Section D, from 38, "Reply on the Five Forces" to 57, "Things of the same kind stimulate each other," discuss the stimulus-response relationship between Heaven and man. Most chapters in the group make extensive use of Yin-Yang and Five Forces concepts, separately or in combination. There is little evident order in the sequence they are presented, and three of the chapters (39, 40, and 54) are missing.

Section E, which runs from Chapter 58, "The mutual production of the Five Forces," to 64, "The Five Forces and the Five Affairs," also discusses stimulus-response cosmology. However, the overwhelming influence in these chapters is from Five Forces theory: the words "Five Forces" appear in each of the chapter titles, and Yin-Yang is in a very subordinate position when used at all. As Tanaka Masami and Sarah Queen have pointed out (echoing Su Yu), many close parallels to the Huang-lao Daoist work Huai nanzi can be found here.

Section F, the twelve chapters from 65, "A discourse on the suburban sacrifice," to 76, "The significance of sacrifices," discusses sacrificial services. Most of the first half of this section is devoted to discussion of the suburban sacrifice, but the texts are in bad shape and the damage seems to be very early. Other topics covered include the four seasonal sacrifices and the starting and stopping of rain (chapters 74 and 75). There is also Chapter 73, the "Praise-ode to mountains and rivers," which can be confidently dated to the last few decades of Former Han at the latest.

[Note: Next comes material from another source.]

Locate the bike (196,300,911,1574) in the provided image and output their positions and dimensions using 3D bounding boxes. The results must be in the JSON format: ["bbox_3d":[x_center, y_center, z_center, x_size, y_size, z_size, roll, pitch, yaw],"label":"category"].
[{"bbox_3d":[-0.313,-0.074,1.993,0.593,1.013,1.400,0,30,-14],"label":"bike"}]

Section G is a mixed bag of sometimes rather dull political texts and documents from the yangsheng "nourishing life" school. Only two of the chapters, 79, "The birthplace of severity and moral power," and 80, "Like the doings of Heaven," have proper titles. Chapters 77, "Following the Way of Heaven," 78, "The actions of Heaven and earth," 81, "Heaven, earth, Yin, and Yang," and 82, "The Way of Heaven acts," all lack their own titles and pass under the first few characters of their text. The "Chapter 18" text, minus its title, also belongs in this group. (The only other chapters in the book with disturbed or irregular titles are Chapter 1, "King Zhuang of Chu," where the original title "Luxuriant Dew" (Fanlu) was appropriated as part of the book title, and Chapter 67, "The suburban sacrifice," where the copyist omitted removing the original title from the head of the essay when the text was recopied.)

The chapters in Section G fall into two groups:

 Section G1 is the yangsheng "nourishing life" group. This includes chapters 77 and 78. They present techniques for living out one's full lifespan.

 Section G2 is made up of the political essays from Chapters 79 to 82, plus the untitled material from Section B (Chapter 18 text), rather dull and generic material on the whole. They are far more tolerant of punishment, and establishing the right to punish, than better attributed Gongyang material usually is.

==Translations==
There are at least two translations into English, one complete and one nearly so:
- Luxuriant Gems of the Spring and Autumn (2015), translated by Sarah A. Queen and John S. Major, is the first complete English translation of the entire work.
- Tung Chung-shu (1973), a thesis by R. K. Norris, contains an annotated translation of the entire work “with the exception of three short sections which are fully translated elsewhere”.